Solenostemon ‘Burgundy Wedding Train’
Most visitors to our garden will point at a plant and say “I never used to like those” because I grow lots of stuff that became unfashionable for some reason. I’m not sure how plants can actually go in and out of fashion, it makes no sense and is usually because they were grown in an ugly way but I digress. I’ve always grown Solenostemon (still wrongly called Coleus) because they’re friggin amazing and this year ‘Burgundy Wedding Train’ has stolen the foliage crown purely because it’s become a sprawling pink and burgundy weird monster.
Solenostemon ‘Pink Chaos’ and ‘Crimson Ruffles’
Solenostemon ‘Pink Chaos’ is usually one of our most talked about plants because it’s such a shocking neon pink and has prime time in our main pots i.e. they can be seen from space and that’s the way I like it. Good for shady spots and also easy from cuttings if you have a heated greenhouse. I find they don’t like the transition from outside to houseplant in our flat.
You can tell the colour scheme in our garden is evolving because until this year I have resisted the beautiful Begonia ‘Benichoma’, it was too light pink. I have caved as you can see and I am glad. There are two colour undercurrents overtaking our garden and transforming it and this lighter pink is one of them. Not too much but I have a worrying feeling it’s making things more sophisticated.
Begonia rex ‘Black Knight’
This year you will find me unashamedly raving about my Begonias – for reasons we will never know they have decided that 2018 is their year. Normally large leaved Begonia rex plants I struggle with because they prefer humid and bright (but not direct sun!) spots found in conservatories, which we don’t have. ‘Black Knight’ above is one of two Begonia rex that are my personal favourites and it really does look remarkable at the moment. And if you don’t like black leaved plants, tough because…
Colocasia esculenta ‘Black Magic’
I’m not sure about Colocasia in our garden, the leaf shape isn’t quite right for what I’m after however there is one exception and that is the above. Colocasia esculenta ‘Black Magic’ gets a golden ticket because it is such a rich black with an under hint of purple. Unfortunately, this really is a difficult plant to grow in the UK without a heated green house. I bought this in the depths of winter, it died right back to ground level inside. I managed to get it to grow a couple of tiny leaves again but it withered back shortly after. Then, after I chucked it outside in summer and forgot about it, it perked up. Always the way!

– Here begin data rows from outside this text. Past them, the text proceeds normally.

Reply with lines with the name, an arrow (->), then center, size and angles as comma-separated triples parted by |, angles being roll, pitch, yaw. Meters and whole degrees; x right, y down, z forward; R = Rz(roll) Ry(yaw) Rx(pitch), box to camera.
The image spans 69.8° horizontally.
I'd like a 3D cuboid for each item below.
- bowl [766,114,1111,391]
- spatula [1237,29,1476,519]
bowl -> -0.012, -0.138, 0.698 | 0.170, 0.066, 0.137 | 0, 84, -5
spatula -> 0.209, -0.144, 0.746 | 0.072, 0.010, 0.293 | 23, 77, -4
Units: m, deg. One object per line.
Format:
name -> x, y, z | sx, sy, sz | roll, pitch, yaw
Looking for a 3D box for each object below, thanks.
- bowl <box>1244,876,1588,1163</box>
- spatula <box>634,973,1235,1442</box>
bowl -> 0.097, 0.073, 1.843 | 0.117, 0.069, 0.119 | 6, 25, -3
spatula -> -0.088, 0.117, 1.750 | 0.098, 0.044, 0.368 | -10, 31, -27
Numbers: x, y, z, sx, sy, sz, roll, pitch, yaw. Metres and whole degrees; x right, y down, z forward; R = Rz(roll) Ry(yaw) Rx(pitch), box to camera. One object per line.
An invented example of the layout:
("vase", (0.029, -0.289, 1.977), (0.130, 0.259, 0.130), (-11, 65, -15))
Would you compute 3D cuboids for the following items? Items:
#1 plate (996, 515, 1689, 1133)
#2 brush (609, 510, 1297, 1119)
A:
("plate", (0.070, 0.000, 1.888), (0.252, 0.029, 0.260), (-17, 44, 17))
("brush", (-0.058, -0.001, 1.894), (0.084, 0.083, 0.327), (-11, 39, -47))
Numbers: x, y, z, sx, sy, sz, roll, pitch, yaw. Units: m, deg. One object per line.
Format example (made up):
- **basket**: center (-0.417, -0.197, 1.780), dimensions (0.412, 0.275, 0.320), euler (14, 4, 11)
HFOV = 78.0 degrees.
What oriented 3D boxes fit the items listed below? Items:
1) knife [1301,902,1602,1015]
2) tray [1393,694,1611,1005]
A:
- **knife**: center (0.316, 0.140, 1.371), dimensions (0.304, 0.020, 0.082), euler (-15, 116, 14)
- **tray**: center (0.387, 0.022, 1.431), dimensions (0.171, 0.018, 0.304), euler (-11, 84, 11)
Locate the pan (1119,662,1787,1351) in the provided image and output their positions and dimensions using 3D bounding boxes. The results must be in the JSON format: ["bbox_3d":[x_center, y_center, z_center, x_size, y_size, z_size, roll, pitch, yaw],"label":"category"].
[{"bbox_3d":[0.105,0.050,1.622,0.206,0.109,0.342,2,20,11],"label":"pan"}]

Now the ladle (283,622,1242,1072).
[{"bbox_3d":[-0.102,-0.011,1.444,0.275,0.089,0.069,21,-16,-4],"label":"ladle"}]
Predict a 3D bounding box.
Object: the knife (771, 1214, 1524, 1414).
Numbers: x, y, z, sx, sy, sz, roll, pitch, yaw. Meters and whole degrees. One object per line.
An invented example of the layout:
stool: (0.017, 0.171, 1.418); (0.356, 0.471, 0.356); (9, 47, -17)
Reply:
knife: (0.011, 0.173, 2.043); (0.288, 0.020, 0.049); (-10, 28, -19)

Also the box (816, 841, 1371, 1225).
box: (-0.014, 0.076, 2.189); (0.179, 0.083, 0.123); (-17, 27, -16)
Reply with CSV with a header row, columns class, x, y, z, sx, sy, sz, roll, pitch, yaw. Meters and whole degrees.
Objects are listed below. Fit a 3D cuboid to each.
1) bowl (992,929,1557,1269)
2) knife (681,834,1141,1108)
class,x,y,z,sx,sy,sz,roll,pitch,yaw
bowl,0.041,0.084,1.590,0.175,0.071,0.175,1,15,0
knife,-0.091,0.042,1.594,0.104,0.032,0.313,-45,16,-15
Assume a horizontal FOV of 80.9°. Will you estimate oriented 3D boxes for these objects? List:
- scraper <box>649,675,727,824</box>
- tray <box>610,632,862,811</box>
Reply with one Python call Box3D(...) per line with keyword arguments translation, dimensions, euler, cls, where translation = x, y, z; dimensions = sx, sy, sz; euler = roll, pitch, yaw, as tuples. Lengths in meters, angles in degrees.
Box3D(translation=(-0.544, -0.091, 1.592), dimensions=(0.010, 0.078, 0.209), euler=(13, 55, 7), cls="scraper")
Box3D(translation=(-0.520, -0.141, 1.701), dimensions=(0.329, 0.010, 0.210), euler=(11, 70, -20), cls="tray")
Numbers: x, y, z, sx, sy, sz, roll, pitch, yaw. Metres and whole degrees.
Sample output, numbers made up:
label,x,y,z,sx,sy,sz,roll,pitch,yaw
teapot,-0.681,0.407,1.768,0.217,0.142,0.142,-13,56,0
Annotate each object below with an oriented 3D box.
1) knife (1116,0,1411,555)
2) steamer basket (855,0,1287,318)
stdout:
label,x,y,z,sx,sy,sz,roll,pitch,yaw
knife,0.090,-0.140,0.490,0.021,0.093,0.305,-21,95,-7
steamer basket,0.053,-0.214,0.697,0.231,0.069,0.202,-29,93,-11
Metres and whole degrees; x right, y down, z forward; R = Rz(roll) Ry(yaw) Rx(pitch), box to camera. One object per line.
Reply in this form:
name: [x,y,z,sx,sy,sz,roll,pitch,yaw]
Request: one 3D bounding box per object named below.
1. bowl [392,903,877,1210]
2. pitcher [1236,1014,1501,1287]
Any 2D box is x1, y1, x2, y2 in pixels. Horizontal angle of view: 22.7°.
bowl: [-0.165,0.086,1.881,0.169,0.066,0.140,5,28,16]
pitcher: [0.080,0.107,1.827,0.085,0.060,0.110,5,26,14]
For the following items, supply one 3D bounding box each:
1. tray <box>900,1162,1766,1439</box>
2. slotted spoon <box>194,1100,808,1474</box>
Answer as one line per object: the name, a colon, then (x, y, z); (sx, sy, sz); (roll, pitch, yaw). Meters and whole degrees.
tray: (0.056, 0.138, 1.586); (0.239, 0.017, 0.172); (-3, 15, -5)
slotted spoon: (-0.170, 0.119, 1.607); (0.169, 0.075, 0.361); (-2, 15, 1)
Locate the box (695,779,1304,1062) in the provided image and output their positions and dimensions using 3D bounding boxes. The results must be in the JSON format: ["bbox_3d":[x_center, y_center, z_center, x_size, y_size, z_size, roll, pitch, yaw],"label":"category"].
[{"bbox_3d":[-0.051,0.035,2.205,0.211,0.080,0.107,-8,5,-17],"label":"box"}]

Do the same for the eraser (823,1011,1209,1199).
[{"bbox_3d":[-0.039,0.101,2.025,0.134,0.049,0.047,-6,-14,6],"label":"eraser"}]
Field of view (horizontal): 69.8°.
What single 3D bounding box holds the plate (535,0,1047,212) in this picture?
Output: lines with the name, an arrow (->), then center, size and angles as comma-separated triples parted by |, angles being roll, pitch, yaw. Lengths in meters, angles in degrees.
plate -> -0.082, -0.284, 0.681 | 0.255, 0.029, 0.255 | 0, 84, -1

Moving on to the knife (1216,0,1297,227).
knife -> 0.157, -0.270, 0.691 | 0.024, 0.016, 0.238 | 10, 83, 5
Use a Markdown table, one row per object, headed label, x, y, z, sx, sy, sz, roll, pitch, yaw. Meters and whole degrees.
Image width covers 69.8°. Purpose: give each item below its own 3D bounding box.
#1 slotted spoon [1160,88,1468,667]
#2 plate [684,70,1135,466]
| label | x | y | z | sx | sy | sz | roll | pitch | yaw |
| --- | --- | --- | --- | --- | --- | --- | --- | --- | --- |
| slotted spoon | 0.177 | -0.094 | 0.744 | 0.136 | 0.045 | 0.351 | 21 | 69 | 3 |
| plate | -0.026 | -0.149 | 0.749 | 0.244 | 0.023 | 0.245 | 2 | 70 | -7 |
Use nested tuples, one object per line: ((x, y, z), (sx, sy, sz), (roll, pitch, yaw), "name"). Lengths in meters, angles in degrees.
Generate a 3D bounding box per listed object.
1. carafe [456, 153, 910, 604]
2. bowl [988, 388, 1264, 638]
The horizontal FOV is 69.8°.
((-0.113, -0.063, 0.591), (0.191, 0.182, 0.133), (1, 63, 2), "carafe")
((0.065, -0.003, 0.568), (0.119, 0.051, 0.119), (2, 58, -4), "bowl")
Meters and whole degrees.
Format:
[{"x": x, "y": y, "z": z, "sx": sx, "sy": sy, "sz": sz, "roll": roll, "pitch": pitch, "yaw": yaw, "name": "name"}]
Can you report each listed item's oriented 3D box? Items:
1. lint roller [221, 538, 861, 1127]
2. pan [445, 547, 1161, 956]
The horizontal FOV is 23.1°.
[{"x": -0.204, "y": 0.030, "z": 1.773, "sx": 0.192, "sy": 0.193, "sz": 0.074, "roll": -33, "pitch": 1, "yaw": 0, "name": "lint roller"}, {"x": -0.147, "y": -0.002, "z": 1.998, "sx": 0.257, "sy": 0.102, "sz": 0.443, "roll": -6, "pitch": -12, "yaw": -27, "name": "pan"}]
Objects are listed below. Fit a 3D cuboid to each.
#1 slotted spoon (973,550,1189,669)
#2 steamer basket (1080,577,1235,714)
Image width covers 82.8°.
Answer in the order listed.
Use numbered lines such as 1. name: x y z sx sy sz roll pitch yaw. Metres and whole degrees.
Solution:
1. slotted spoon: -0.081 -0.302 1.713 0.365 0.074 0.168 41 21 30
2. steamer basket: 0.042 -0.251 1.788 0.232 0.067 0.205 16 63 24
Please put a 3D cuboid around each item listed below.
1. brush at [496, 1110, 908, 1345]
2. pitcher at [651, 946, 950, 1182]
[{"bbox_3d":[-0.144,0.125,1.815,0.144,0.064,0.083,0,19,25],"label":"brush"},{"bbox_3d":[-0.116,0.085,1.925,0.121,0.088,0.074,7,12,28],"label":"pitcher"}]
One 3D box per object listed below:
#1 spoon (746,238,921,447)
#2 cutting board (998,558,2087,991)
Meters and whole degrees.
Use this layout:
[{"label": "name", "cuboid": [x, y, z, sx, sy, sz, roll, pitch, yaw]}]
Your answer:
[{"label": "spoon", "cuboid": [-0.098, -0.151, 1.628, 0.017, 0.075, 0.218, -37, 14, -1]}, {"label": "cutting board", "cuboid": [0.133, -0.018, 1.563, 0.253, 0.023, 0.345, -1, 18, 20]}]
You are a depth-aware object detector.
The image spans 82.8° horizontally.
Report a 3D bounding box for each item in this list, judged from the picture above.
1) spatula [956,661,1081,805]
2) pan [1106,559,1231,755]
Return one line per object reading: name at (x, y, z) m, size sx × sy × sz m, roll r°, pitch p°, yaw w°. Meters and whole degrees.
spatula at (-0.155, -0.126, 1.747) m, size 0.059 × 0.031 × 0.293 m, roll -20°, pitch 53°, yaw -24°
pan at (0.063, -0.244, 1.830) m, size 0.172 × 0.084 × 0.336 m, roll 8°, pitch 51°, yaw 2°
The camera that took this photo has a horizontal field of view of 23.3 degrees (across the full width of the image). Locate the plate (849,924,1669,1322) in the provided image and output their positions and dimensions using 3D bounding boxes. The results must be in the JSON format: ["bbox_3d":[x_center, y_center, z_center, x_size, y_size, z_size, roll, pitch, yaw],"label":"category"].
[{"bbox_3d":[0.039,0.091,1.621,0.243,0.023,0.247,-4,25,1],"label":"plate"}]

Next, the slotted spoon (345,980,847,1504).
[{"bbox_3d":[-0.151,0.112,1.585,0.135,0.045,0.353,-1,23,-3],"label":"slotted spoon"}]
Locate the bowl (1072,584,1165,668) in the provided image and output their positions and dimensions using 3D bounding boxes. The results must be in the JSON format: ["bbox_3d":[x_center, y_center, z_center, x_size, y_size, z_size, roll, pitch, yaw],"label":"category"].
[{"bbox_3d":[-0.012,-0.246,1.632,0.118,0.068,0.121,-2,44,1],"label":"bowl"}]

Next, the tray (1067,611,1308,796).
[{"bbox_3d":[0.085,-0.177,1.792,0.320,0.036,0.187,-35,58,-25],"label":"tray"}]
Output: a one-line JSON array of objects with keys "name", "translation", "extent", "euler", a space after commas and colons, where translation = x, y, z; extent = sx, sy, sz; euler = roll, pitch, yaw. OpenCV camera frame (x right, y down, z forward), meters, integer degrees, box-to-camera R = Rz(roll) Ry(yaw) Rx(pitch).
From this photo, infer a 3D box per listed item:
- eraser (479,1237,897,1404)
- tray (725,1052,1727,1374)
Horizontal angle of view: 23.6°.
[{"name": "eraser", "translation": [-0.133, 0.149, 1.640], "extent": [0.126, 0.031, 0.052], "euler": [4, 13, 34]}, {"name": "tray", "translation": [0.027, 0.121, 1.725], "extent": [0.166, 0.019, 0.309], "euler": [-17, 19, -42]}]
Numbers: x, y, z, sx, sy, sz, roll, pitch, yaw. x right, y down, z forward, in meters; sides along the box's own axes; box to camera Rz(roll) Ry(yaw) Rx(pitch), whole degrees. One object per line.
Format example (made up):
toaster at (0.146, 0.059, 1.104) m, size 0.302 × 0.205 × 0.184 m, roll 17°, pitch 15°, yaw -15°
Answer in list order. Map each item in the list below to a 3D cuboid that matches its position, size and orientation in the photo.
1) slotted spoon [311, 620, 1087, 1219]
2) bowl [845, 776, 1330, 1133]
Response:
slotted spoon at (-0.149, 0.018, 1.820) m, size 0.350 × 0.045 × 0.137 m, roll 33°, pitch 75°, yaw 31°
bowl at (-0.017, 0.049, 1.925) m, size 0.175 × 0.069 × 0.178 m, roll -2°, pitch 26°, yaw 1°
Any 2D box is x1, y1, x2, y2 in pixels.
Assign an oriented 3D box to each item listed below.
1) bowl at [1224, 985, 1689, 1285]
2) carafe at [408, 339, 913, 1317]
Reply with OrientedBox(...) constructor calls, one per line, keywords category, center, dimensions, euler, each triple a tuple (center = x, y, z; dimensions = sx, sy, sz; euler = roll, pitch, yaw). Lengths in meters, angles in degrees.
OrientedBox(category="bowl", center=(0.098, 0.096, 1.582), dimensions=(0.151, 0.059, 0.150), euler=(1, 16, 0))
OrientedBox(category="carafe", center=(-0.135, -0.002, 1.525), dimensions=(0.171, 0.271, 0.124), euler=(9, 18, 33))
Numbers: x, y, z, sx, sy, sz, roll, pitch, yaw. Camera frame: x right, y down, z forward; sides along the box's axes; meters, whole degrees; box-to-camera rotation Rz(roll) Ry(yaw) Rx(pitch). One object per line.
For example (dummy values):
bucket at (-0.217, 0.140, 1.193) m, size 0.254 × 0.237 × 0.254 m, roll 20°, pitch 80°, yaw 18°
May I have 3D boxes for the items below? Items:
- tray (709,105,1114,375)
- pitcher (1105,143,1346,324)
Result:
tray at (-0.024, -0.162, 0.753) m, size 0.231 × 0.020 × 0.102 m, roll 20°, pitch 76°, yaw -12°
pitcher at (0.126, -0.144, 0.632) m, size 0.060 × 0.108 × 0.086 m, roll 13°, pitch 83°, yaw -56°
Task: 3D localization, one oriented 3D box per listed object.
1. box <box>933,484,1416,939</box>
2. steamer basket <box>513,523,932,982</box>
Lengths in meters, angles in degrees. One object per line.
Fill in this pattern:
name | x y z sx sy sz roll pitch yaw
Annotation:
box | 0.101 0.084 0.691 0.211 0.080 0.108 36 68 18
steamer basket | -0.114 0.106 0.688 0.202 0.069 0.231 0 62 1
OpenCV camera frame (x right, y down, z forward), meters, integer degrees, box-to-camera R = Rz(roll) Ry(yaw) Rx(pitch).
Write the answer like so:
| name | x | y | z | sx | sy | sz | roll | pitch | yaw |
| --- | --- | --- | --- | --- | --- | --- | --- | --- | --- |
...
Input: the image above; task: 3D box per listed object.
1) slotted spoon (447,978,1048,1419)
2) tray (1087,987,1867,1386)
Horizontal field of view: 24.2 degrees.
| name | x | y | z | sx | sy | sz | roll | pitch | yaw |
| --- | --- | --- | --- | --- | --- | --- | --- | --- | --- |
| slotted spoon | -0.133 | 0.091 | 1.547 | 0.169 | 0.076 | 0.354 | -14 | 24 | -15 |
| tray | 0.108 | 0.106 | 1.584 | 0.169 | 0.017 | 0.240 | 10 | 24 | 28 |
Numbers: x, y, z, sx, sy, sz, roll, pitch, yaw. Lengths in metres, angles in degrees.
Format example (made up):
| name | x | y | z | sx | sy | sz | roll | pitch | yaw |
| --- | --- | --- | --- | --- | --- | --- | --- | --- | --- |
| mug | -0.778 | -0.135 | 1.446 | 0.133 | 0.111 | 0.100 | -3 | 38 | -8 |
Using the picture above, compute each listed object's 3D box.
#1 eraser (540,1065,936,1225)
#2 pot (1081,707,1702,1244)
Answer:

This pot of silver belongs to Leucadendron argenteum, a critically endangered plant in the Proteaceae family from South Africa. I found it growing in a shop in Cornwall. Its leaves are covered in soft silver hairs causing the plant to glisten in a way I have never seen another living thing. It survived our harsh winter but the growing point died back causing it to branch (as happened with many of our plants). Growing beneath it is our native wild flower Umbilicus rupestris, which I love – I sprinkled the seeds into the pot of this plant last summer so I could bring them into our garden.
Ficus carica ‘Ice Crystal’
“Is that a fig?” yes it is I say. I’ve had my eye on this plant for a few years and eventually bit the bullet last autumn – I was worried another foliage only plant would tip the balance too much. Starting as a tiny little sprig, without noticing it’s suddenly a nicely sized plant. This wannabe tree will fast out grow its pot but I’ll worry about that when I come to it. I like this leaf much more than the standard fig leaf.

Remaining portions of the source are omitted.